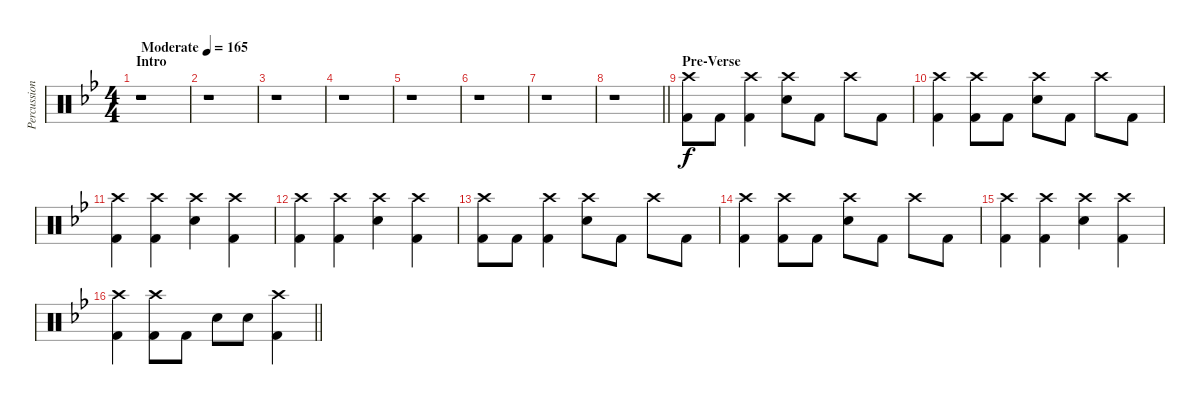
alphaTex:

\track ("Percussion - Aaron" "Percussion") {instrument percussion}
\staff {score}
\articulation defaults
\ts (4 4)
\section ("" "Intro")
\tempo (165 "Moderate")
\clef neutral
\ks gminor
r.1{dy f} |
r.1 |
r.1 |
r.1 |
r.1 |
r.1 |
r.1 |
\barLineRight lightlight
r.1 |
\section ("" "Pre-Verse")
("Crash high (hit)" "Kick (hit) 2").8 "Kick (hit) 2".8 ("Crash high (hit)" "Kick (hit) 2").4 ("Crash high (hit)" "Electric Snare (hit)").8 "Kick (hit) 2".8 "Crash high (hit)".8 "Kick (hit) 2".8 |
("Crash high (hit)" "Kick (hit) 2").4 ("Crash high (hit)" "Kick (hit) 2").8 "Kick (hit) 2".8 ("Crash high (hit)" "Electric Snare (hit)").8 "Kick (hit) 2".8 "Crash high (hit)".8 "Kick (hit) 2".8 |
("Crash high (hit)" "Kick (hit) 2").4 ("Crash high (hit)" "Kick (hit) 2").4 ("Crash high (hit)" "Electric Snare (hit)").4 ("Crash high (hit)" "Kick (hit) 2").4 |
("Crash high (hit)" "Kick (hit) 2").4 ("Crash high (hit)" "Kick (hit) 2").4 ("Crash high (hit)" "Electric Snare (hit)").4 ("Crash high (hit)" "Kick (hit) 2").4 |
("Crash high (hit)" "Kick (hit) 2").8 "Kick (hit) 2".8 ("Crash high (hit)" "Kick (hit) 2").4 ("Crash high (hit)" "Electric Snare (hit)").8 "Kick (hit) 2".8 "Crash high (hit)".8 "Kick (hit) 2".8 |
("Crash high (hit)" "Kick (hit) 2").4 ("Crash high (hit)" "Kick (hit) 2").8 "Kick (hit) 2".8 ("Crash high (hit)" "Electric Snare (hit)").8 "Kick (hit) 2".8 "Crash high (hit)".8 "Kick (hit) 2".8 |
("Crash high (hit)" "Kick (hit) 2").4 ("Crash high (hit)" "Kick (hit) 2").4 ("Crash high (hit)" "Electric Snare (hit)").4 ("Crash high (hit)" "Kick (hit) 2").4 |
\barLineRight lightlight
("Crash high (hit)" "Kick (hit) 2").4 ("Crash high (hit)" "Kick (hit) 2").8 "Kick (hit) 2".8 "Electric Snare (hit)".8 "Electric Snare (hit)".8 ("Crash high (hit)" "Kick (hit) 2").4
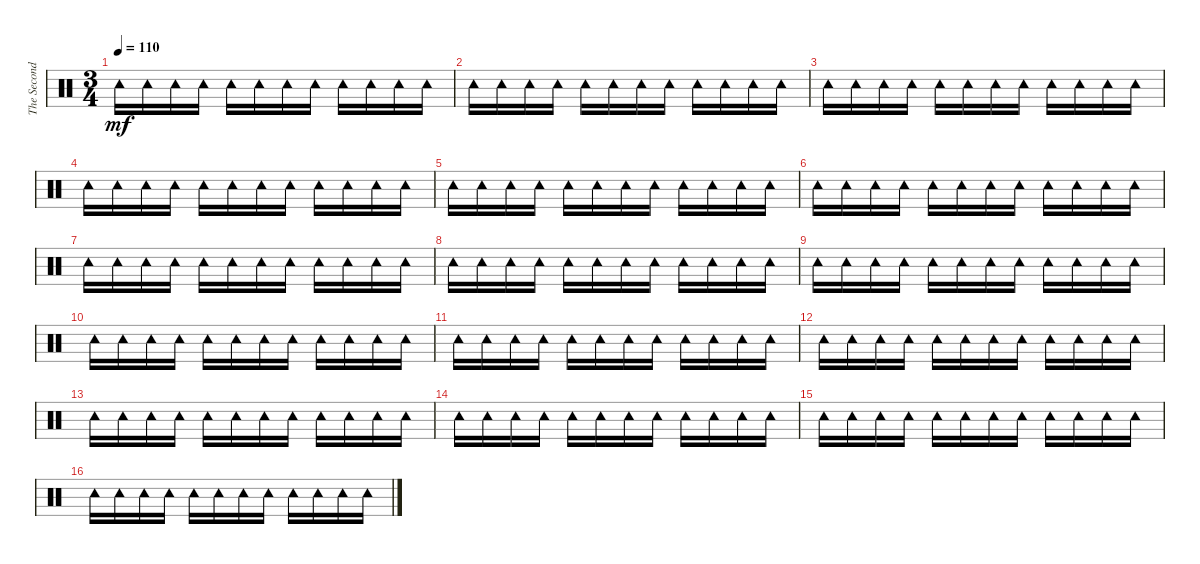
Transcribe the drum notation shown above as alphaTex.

\track ("The Second Drummer" "The Second") {instrument percussion}
\staff {score}
\articulation defaults
\ts (3 4)
\tempo 110
\clef neutral
\ks c "Tambourine (hit)".16{dy mf} "Tambourine (hit)".16 "Tambourine (hit)".16 "Tambourine (hit)".16 "Tambourine (hit)".16 "Tambourine (hit)".16 "Tambourine (hit)".16 "Tambourine (hit)".16 "Tambourine (hit)".16 "Tambourine (hit)".16 "Tambourine (hit)".16 "Tambourine (hit)".16
|
"Tambourine (hit)".16 "Tambourine (hit)".16 "Tambourine (hit)".16 "Tambourine (hit)".16 "Tambourine (hit)".16 "Tambourine (hit)".16 "Tambourine (hit)".16 "Tambourine (hit)".16 "Tambourine (hit)".16 "Tambourine (hit)".16 "Tambourine (hit)".16 "Tambourine (hit)".16 |
"Tambourine (hit)".16 "Tambourine (hit)".16 "Tambourine (hit)".16 "Tambourine (hit)".16 "Tambourine (hit)".16 "Tambourine (hit)".16 "Tambourine (hit)".16 "Tambourine (hit)".16 "Tambourine (hit)".16 "Tambourine (hit)".16 "Tambourine (hit)".16 "Tambourine (hit)".16 |
"Tambourine (hit)".16 "Tambourine (hit)".16 "Tambourine (hit)".16 "Tambourine (hit)".16 "Tambourine (hit)".16 "Tambourine (hit)".16 "Tambourine (hit)".16 "Tambourine (hit)".16 "Tambourine (hit)".16 "Tambourine (hit)".16 "Tambourine (hit)".16 "Tambourine (hit)".16 |
"Tambourine (hit)".16 "Tambourine (hit)".16 "Tambourine (hit)".16 "Tambourine (hit)".16 "Tambourine (hit)".16 "Tambourine (hit)".16 "Tambourine (hit)".16 "Tambourine (hit)".16 "Tambourine (hit)".16 "Tambourine (hit)".16 "Tambourine (hit)".16 "Tambourine (hit)".16 |
"Tambourine (hit)".16 "Tambourine (hit)".16 "Tambourine (hit)".16 "Tambourine (hit)".16 "Tambourine (hit)".16 "Tambourine (hit)".16 "Tambourine (hit)".16 "Tambourine (hit)".16 "Tambourine (hit)".16 "Tambourine (hit)".16 "Tambourine (hit)".16 "Tambourine (hit)".16 |
"Tambourine (hit)".16 "Tambourine (hit)".16 "Tambourine (hit)".16 "Tambourine (hit)".16 "Tambourine (hit)".16 "Tambourine (hit)".16 "Tambourine (hit)".16 "Tambourine (hit)".16 "Tambourine (hit)".16 "Tambourine (hit)".16 "Tambourine (hit)".16 "Tambourine (hit)".16 |
"Tambourine (hit)".16 "Tambourine (hit)".16 "Tambourine (hit)".16 "Tambourine (hit)".16 "Tambourine (hit)".16 "Tambourine (hit)".16 "Tambourine (hit)".16 "Tambourine (hit)".16 "Tambourine (hit)".16 "Tambourine (hit)".16 "Tambourine (hit)".16 "Tambourine (hit)".16 |
"Tambourine (hit)".16 "Tambourine (hit)".16 "Tambourine (hit)".16 "Tambourine (hit)".16 "Tambourine (hit)".16 "Tambourine (hit)".16 "Tambourine (hit)".16 "Tambourine (hit)".16 "Tambourine (hit)".16 "Tambourine (hit)".16 "Tambourine (hit)".16 "Tambourine (hit)".16 |
"Tambourine (hit)".16 "Tambourine (hit)".16 "Tambourine (hit)".16 "Tambourine (hit)".16 "Tambourine (hit)".16 "Tambourine (hit)".16 "Tambourine (hit)".16 "Tambourine (hit)".16 "Tambourine (hit)".16 "Tambourine (hit)".16 "Tambourine (hit)".16 "Tambourine (hit)".16 |
"Tambourine (hit)".16 "Tambourine (hit)".16 "Tambourine (hit)".16 "Tambourine (hit)".16 "Tambourine (hit)".16 "Tambourine (hit)".16 "Tambourine (hit)".16 "Tambourine (hit)".16 "Tambourine (hit)".16 "Tambourine (hit)".16 "Tambourine (hit)".16 "Tambourine (hit)".16 |
"Tambourine (hit)".16 "Tambourine (hit)".16 "Tambourine (hit)".16 "Tambourine (hit)".16 "Tambourine (hit)".16 "Tambourine (hit)".16 "Tambourine (hit)".16 "Tambourine (hit)".16 "Tambourine (hit)".16 "Tambourine (hit)".16 "Tambourine (hit)".16 "Tambourine (hit)".16 |
"Tambourine (hit)".16 "Tambourine (hit)".16 "Tambourine (hit)".16 "Tambourine (hit)".16 "Tambourine (hit)".16 "Tambourine (hit)".16 "Tambourine (hit)".16 "Tambourine (hit)".16 "Tambourine (hit)".16 "Tambourine (hit)".16 "Tambourine (hit)".16 "Tambourine (hit)".16 |
"Tambourine (hit)".16 "Tambourine (hit)".16 "Tambourine (hit)".16 "Tambourine (hit)".16 "Tambourine (hit)".16 "Tambourine (hit)".16 "Tambourine (hit)".16 "Tambourine (hit)".16 "Tambourine (hit)".16 "Tambourine (hit)".16 "Tambourine (hit)".16 "Tambourine (hit)".16 |
"Tambourine (hit)".16 "Tambourine (hit)".16 "Tambourine (hit)".16 "Tambourine (hit)".16 "Tambourine (hit)".16 "Tambourine (hit)".16 "Tambourine (hit)".16 "Tambourine (hit)".16 "Tambourine (hit)".16 "Tambourine (hit)".16 "Tambourine (hit)".16 "Tambourine (hit)".16 |
"Tambourine (hit)".16 "Tambourine (hit)".16 "Tambourine (hit)".16 "Tambourine (hit)".16 "Tambourine (hit)".16 "Tambourine (hit)".16 "Tambourine (hit)".16 "Tambourine (hit)".16 "Tambourine (hit)".16 "Tambourine (hit)".16 "Tambourine (hit)".16 "Tambourine (hit)".16
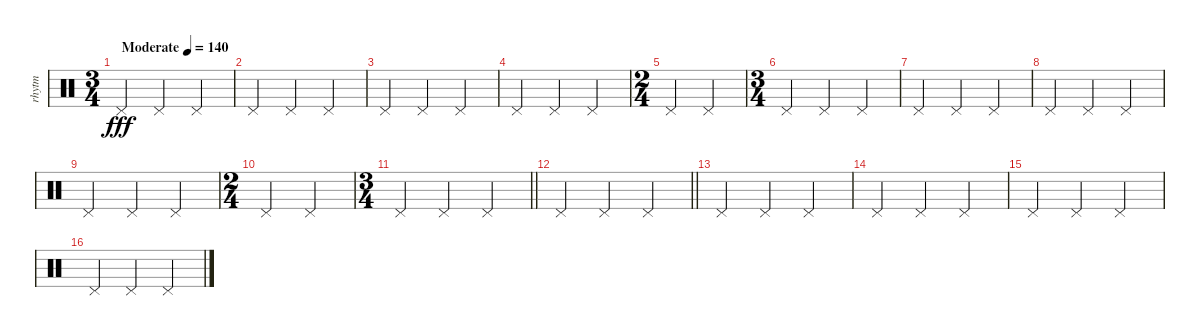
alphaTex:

\track ("rhytm" "rhytm") {instrument percussion}
\staff {score}
\articulation defaults
\ts (3 4)
\tempo (140 "Moderate")
\clef neutral
\ks c "Pedal Hi-Hat (hit)".4{dy fff} "Pedal Hi-Hat (hit)".4 "Pedal Hi-Hat (hit)".4
|
"Pedal Hi-Hat (hit)".4 "Pedal Hi-Hat (hit)".4 "Pedal Hi-Hat (hit)".4 |
"Pedal Hi-Hat (hit)".4 "Pedal Hi-Hat (hit)".4 "Pedal Hi-Hat (hit)".4 |
"Pedal Hi-Hat (hit)".4 "Pedal Hi-Hat (hit)".4 "Pedal Hi-Hat (hit)".4 |
\ts (2 4)
"Pedal Hi-Hat (hit)".4 "Pedal Hi-Hat (hit)".4 |
\ts (3 4)
"Pedal Hi-Hat (hit)".4 "Pedal Hi-Hat (hit)".4 "Pedal Hi-Hat (hit)".4 |
"Pedal Hi-Hat (hit)".4 "Pedal Hi-Hat (hit)".4 "Pedal Hi-Hat (hit)".4 |
"Pedal Hi-Hat (hit)".4 "Pedal Hi-Hat (hit)".4 "Pedal Hi-Hat (hit)".4 |
"Pedal Hi-Hat (hit)".4 "Pedal Hi-Hat (hit)".4 "Pedal Hi-Hat (hit)".4 |
\ts (2 4)
"Pedal Hi-Hat (hit)".4 "Pedal Hi-Hat (hit)".4 |
\ts (3 4)
\barLineRight lightlight "Pedal Hi-Hat (hit)".4 "Pedal Hi-Hat (hit)".4 "Pedal Hi-Hat (hit)".4
|
\barLineRight lightlight "Pedal Hi-Hat (hit)".4 "Pedal Hi-Hat (hit)".4 "Pedal Hi-Hat (hit)".4
|
"Pedal Hi-Hat (hit)".4 "Pedal Hi-Hat (hit)".4 "Pedal Hi-Hat (hit)".4 |
"Pedal Hi-Hat (hit)".4 "Pedal Hi-Hat (hit)".4 "Pedal Hi-Hat (hit)".4 |
"Pedal Hi-Hat (hit)".4 "Pedal Hi-Hat (hit)".4 "Pedal Hi-Hat (hit)".4 |
"Pedal Hi-Hat (hit)".4 "Pedal Hi-Hat (hit)".4 "Pedal Hi-Hat (hit)".4

■ ■ ■

• Problem statement: Report how many lines in these entries contain "instrument". Answer with the number only.

• Output: 3